Rage Against the Machine (2) vs. Green Day (3)
In my opinion, this is a no-brainer, but I am sure there are plenty out there who might argue. Rage Against the Machine was damn close to being the “punk” band here, with their politically influenced lyrics, hammerhead guitars and “in your face” attitude. That has always been one of the criticisms of Green Day is that they were “punk-lite” and not a hardcore punk band (an insult to the members of Green Day, though).
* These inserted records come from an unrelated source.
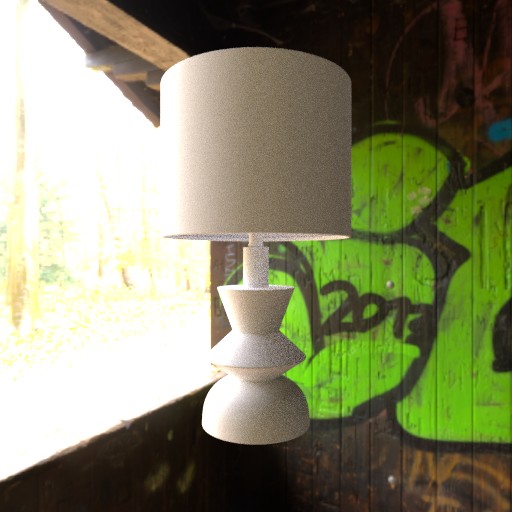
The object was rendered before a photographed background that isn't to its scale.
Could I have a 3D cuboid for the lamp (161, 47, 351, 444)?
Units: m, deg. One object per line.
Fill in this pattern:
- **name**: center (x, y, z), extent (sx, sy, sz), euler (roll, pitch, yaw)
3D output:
- **lamp**: center (0.000, 0.000, 0.715), extent (0.301, 0.533, 0.301), euler (0, 0, -1)
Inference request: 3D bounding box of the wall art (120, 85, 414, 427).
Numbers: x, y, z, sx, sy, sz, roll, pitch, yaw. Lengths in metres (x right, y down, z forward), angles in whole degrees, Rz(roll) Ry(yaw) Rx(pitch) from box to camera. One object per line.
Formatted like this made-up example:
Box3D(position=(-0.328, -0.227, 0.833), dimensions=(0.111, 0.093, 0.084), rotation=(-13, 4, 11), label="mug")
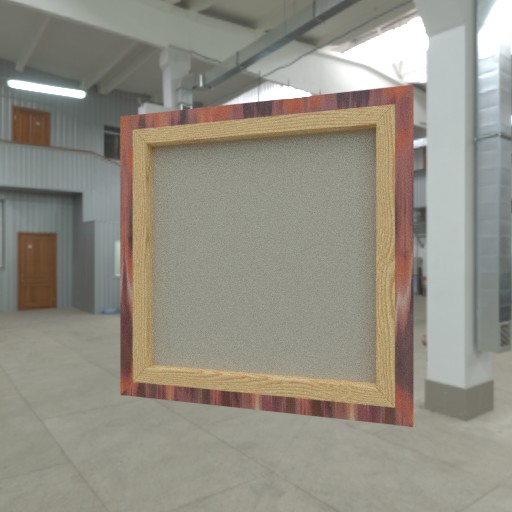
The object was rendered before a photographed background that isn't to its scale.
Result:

Outside of that fact, the battle is a pretty close one here. Critical acclaim has to go to Rage, but in the other categories they are about dead even. You can give Green Day the edge as to longevity and maybe popularity (I am pretty sure that more people have heard of Green Day than Rage) and that might sway some of the votes. We’ll have to hear from the voters as to who gets the victor’s flag here.
Get your votes in quick because in a couple days we will take it to the Elite Eight! The middle of this week, we will see who has survived the carnage and will vie for the chance to reach the Final Four. By the end of the week, we will crown the champion and answer the question: who is the greatest hard rock/metal band of all time?